I usually ask @jamesevans to join in.

I just found a similar one in my code that has been there 8 weeks now…! So easily done!

Slightly unrelated but I’ve found the /mode/{mode}/arrivals endpoint doesn’t permit cachebusters in the URL! I’ve tried a few parameter names, but this example with a “random” value for “t” returns a 404…

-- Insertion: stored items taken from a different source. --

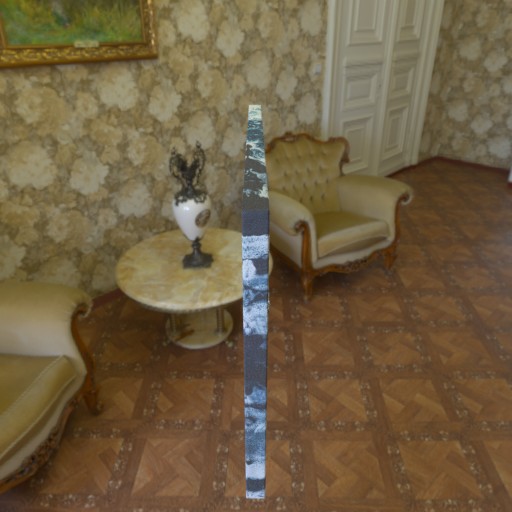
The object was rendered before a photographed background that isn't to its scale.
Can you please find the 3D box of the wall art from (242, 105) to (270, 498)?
[{"bbox_3d":[0.000,0.000,1.142,0.042,0.610,0.915,0,27,0],"label":"wall art"}]
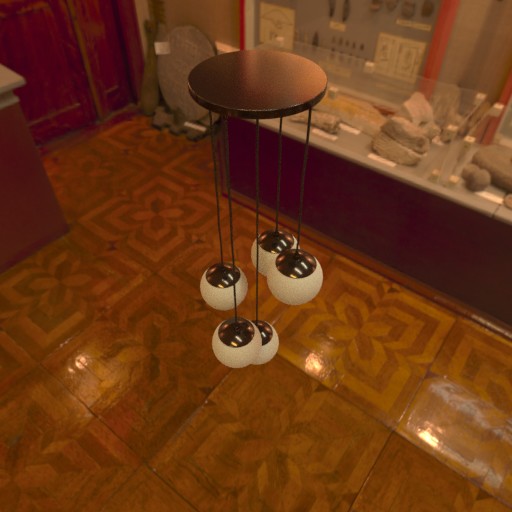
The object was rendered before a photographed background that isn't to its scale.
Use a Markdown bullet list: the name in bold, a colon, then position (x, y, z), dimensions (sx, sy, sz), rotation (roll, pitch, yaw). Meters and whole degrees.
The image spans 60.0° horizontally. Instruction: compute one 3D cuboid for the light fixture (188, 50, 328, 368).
- **light fixture**: position (0.000, 0.000, 1.552), dimensions (0.489, 1.271, 0.484), rotation (31, 53, 27)

https://api.tfl.gov.uk/Mode/bus/Arrivals&t=1234567890
{"$type":"Tfl.Api.Presentation.Entities.ApiError, Tfl.Api.Presentation.Entities","timestampUtc":"2020-05-14T00:33:53.9751627Z","exceptionType":"EntityNotFoundException","httpStatusCode":404,"httpStatus":"NotFound","relativeUri":"/Mode/bus/Arrivals&t=1234567890","message":"Resource not found: http://api:8001/Mode/bus/Arrivals&t=1234567890"}

We’ve been rumbled!

I think you will find that the first parameter is always a “?” in a properly formed URL, not “&” as you have used… :slight_smile:

https://api.tfl.gov.uk/Mode/bus/Arrivals?t=1234567890

Sorry, I should’ve pointed out I tried both. 404 with a ? too :frowning:

I guess you could change it from a GET to a POST and change a post parameter? Does it support POST?